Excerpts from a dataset
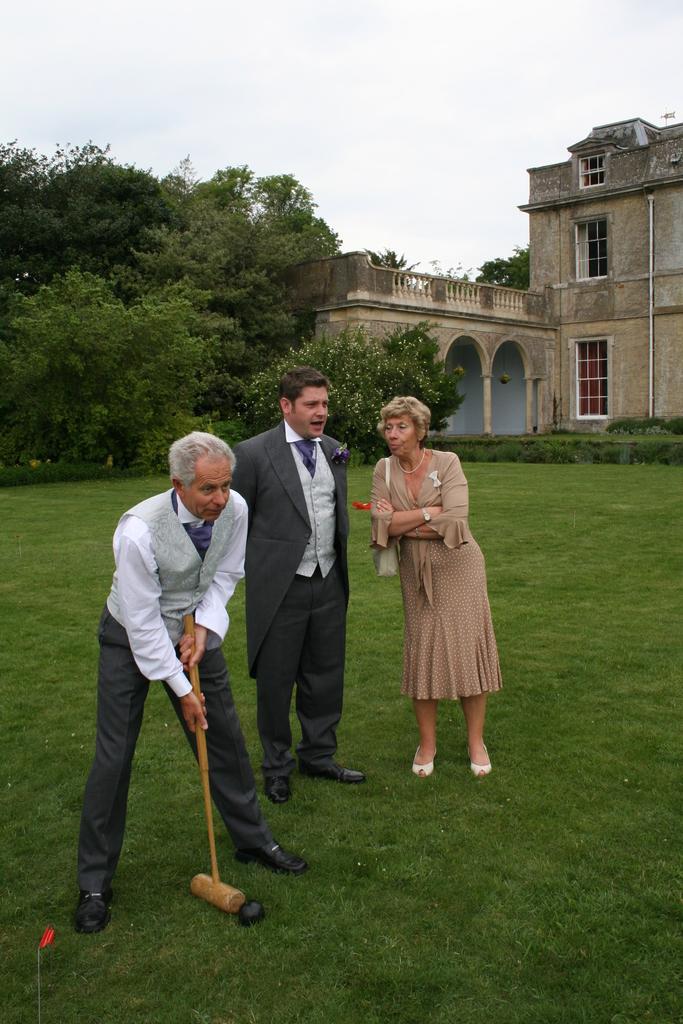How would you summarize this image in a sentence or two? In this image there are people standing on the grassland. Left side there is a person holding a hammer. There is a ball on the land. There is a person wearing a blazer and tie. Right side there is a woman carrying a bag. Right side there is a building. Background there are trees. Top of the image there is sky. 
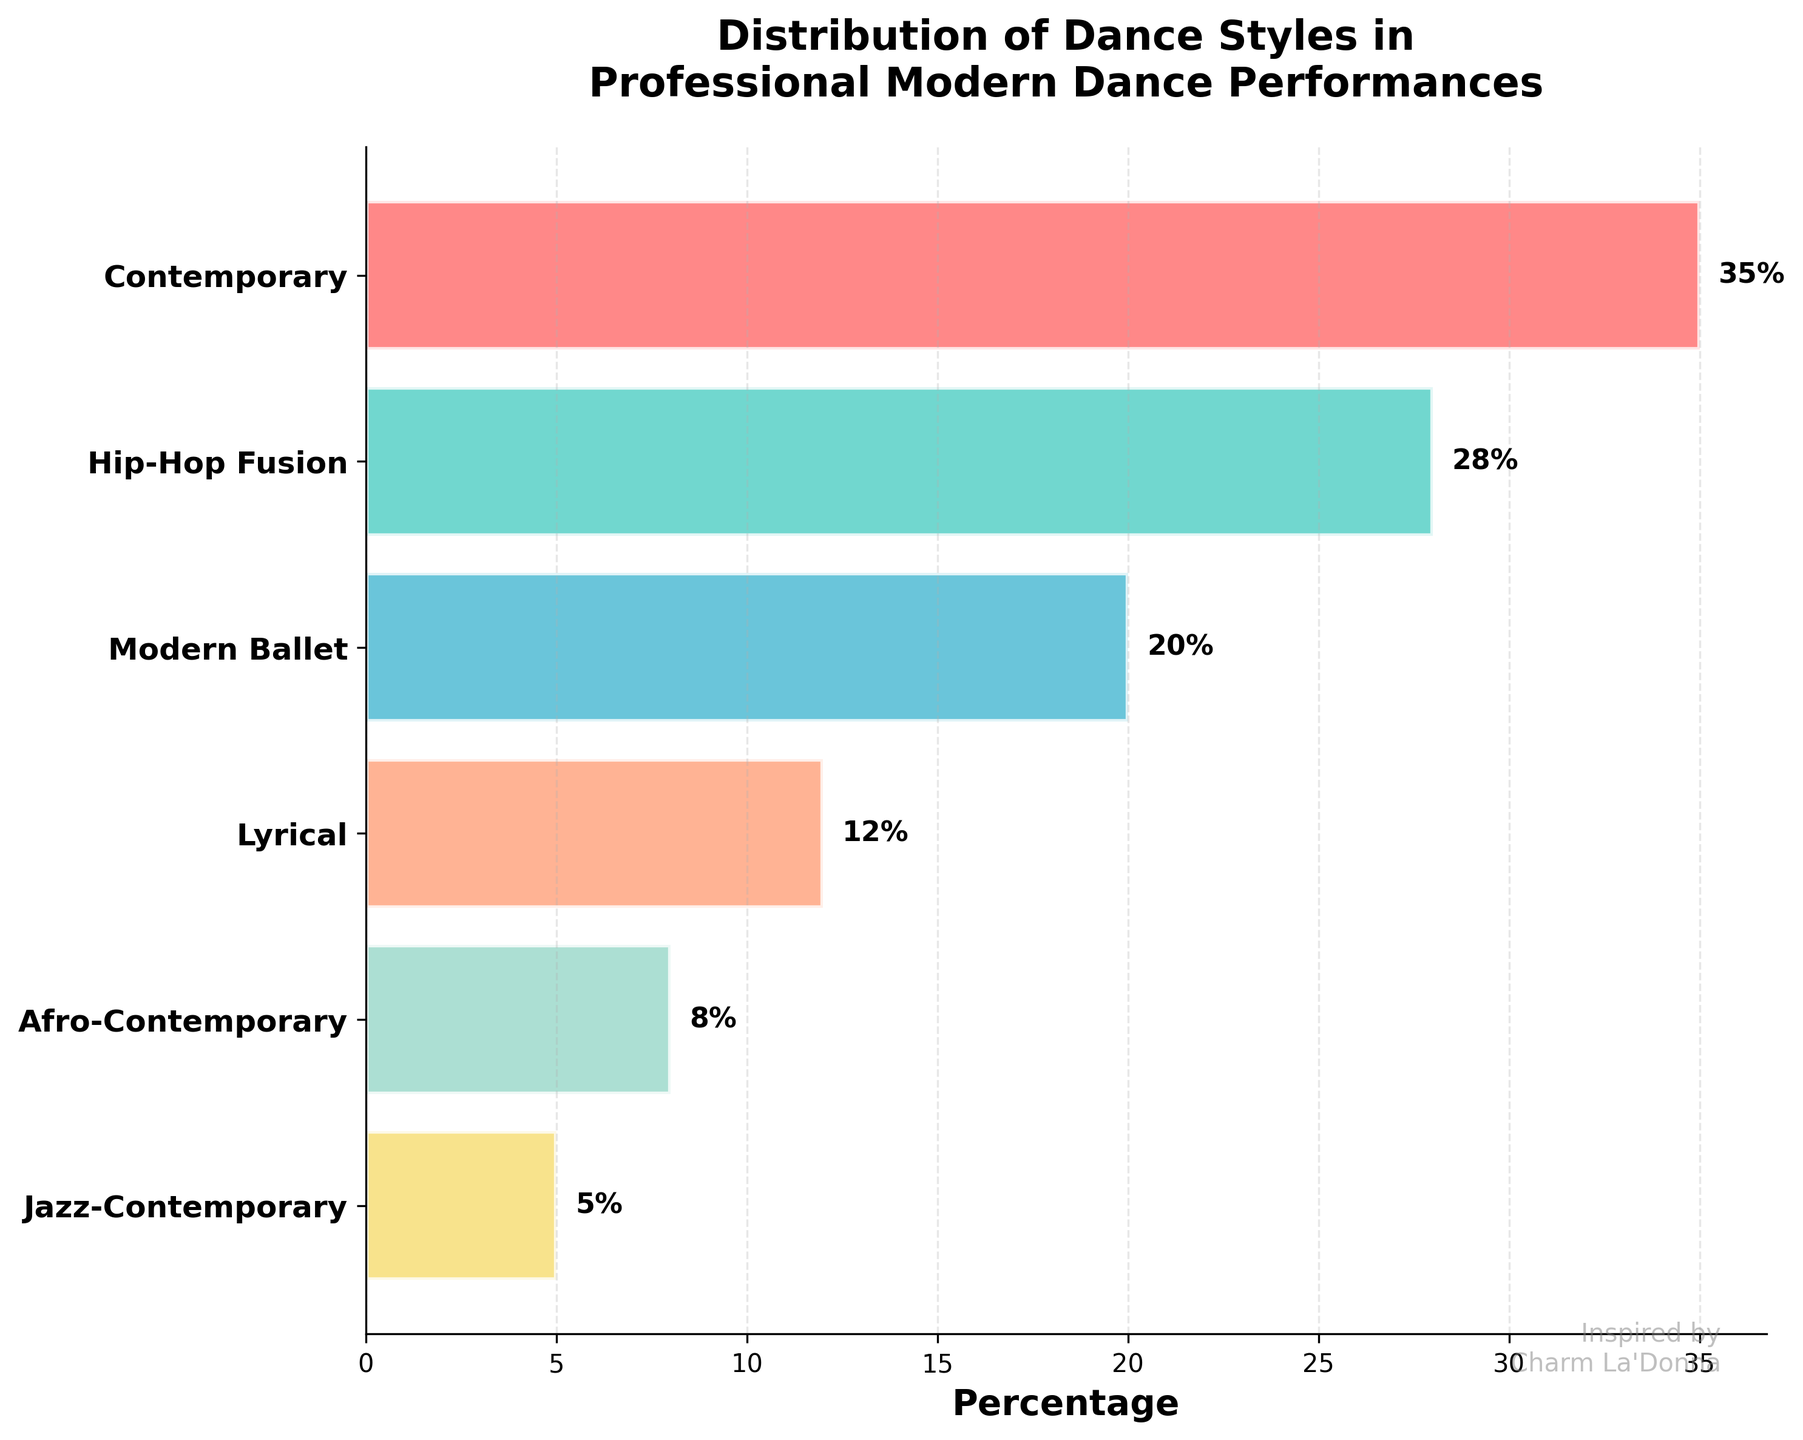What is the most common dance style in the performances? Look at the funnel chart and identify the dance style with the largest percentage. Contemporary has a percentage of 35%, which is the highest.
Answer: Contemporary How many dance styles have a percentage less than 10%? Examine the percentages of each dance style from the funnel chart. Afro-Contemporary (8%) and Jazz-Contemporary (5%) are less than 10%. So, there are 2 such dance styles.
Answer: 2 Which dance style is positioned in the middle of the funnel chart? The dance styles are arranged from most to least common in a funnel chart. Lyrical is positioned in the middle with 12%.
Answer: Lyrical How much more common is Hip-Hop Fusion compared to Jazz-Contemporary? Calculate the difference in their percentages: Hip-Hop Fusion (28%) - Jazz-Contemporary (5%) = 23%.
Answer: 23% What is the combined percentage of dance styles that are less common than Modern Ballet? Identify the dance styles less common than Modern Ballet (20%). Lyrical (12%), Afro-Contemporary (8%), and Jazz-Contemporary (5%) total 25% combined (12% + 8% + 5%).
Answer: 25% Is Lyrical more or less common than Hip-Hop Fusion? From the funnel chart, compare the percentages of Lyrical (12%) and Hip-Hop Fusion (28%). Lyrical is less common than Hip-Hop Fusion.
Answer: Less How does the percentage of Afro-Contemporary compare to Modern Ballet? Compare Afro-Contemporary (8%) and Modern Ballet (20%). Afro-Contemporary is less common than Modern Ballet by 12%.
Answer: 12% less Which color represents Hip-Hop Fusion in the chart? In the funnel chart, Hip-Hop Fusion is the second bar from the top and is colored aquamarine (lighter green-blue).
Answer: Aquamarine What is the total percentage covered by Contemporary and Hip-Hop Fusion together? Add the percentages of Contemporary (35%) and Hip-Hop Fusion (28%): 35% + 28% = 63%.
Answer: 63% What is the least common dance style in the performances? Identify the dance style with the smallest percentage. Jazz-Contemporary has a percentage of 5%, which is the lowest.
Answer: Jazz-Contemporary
==
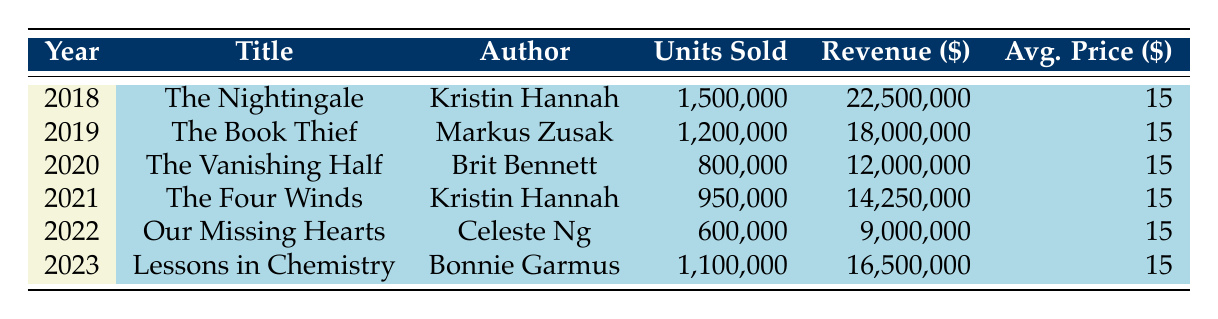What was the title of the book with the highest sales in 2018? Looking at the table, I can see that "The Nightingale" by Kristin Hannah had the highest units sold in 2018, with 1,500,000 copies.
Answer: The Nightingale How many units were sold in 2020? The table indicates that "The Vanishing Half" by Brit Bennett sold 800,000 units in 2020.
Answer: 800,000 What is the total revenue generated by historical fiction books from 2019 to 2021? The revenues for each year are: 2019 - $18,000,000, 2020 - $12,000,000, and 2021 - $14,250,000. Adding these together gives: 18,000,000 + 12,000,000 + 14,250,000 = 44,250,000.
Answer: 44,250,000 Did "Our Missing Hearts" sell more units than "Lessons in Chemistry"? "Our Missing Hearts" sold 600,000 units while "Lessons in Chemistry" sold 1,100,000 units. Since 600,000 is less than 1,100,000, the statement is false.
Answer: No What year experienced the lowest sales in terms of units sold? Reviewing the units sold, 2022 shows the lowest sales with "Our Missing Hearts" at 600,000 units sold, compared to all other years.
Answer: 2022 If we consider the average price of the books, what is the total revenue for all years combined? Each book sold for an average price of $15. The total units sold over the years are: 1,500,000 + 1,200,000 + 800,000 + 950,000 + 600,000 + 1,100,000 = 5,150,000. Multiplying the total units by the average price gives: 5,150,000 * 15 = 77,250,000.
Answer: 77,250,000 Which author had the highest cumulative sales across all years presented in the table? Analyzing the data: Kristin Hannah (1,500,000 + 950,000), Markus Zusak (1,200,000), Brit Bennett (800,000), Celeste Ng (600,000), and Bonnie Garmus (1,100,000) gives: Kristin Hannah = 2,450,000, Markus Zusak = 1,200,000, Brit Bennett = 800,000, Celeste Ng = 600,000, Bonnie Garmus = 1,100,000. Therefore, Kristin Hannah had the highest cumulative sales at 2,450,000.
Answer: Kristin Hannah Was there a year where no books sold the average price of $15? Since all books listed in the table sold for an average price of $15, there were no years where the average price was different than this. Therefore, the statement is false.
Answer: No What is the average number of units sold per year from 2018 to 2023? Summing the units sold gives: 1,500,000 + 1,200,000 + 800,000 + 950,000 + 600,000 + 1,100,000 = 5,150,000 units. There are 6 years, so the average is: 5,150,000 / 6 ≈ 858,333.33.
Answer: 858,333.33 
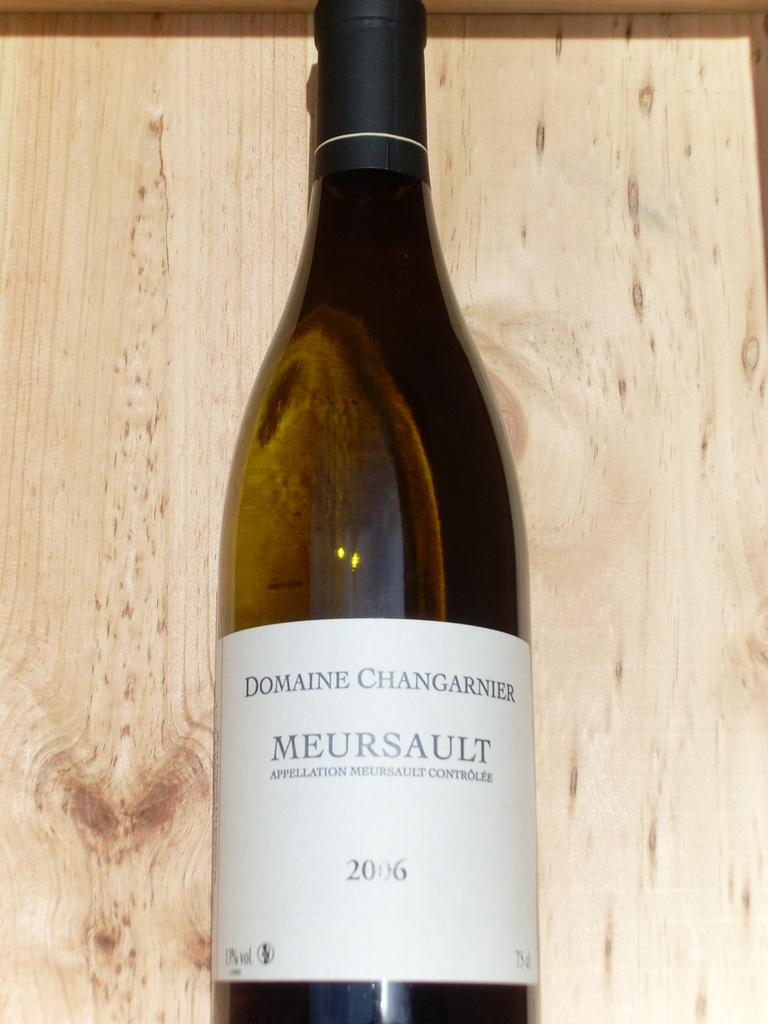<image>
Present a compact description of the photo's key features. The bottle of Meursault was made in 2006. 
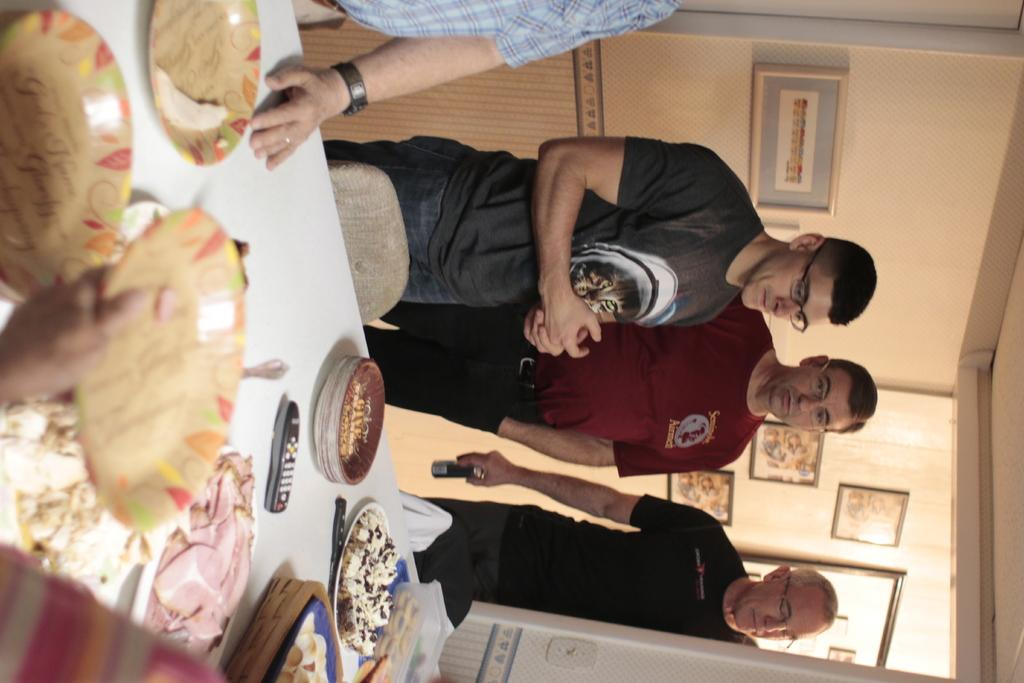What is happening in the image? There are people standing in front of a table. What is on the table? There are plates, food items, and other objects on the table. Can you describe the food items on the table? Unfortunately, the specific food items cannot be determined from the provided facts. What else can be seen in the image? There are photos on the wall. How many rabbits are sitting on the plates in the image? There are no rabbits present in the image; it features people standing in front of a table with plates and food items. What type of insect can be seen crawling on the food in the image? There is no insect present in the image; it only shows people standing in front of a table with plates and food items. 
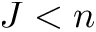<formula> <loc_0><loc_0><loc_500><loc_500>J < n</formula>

EXERCISE DESCRIPTION
Look through the data above. Copy every line with the string "less" in it.

RESULT FOR THIS TASK
Answer: Contemporary How many dance styles have a percentage less than 10%? Examine the percentages of each dance style from the funnel chart. Afro-Contemporary (8%) and Jazz-Contemporary (5%) are less than 10%. So, there are 2 such dance styles.
Answer: 23% What is the combined percentage of dance styles that are less common than Modern Ballet? Identify the dance styles less common than Modern Ballet (20%). Lyrical (12%), Afro-Contemporary (8%), and Jazz-Contemporary (5%) total 25% combined (12% + 8% + 5%).
Answer: 25% Is Lyrical more or less common than Hip-Hop Fusion? From the funnel chart, compare the percentages of Lyrical (12%) and Hip-Hop Fusion (28%). Lyrical is less common than Hip-Hop Fusion.
Answer: Less How does the percentage of Afro-Contemporary compare to Modern Ballet? Compare Afro-Contemporary (8%) and Modern Ballet (20%). Afro-Contemporary is less common than Modern Ballet by 12%.
Answer: 12% less Which color represents Hip-Hop Fusion in the chart? In the funnel chart, Hip-Hop Fusion is the second bar from the top and is colored aquamarine (lighter green-blue).
Answer: 44,250,000 Did "Our Missing Hearts" sell more units than "Lessons in Chemistry"? "Our Missing Hearts" sold 600,000 units while "Lessons in Chemistry" sold 1,100,000 units. Since 600,000 is less than 1,100,000, the statement is false.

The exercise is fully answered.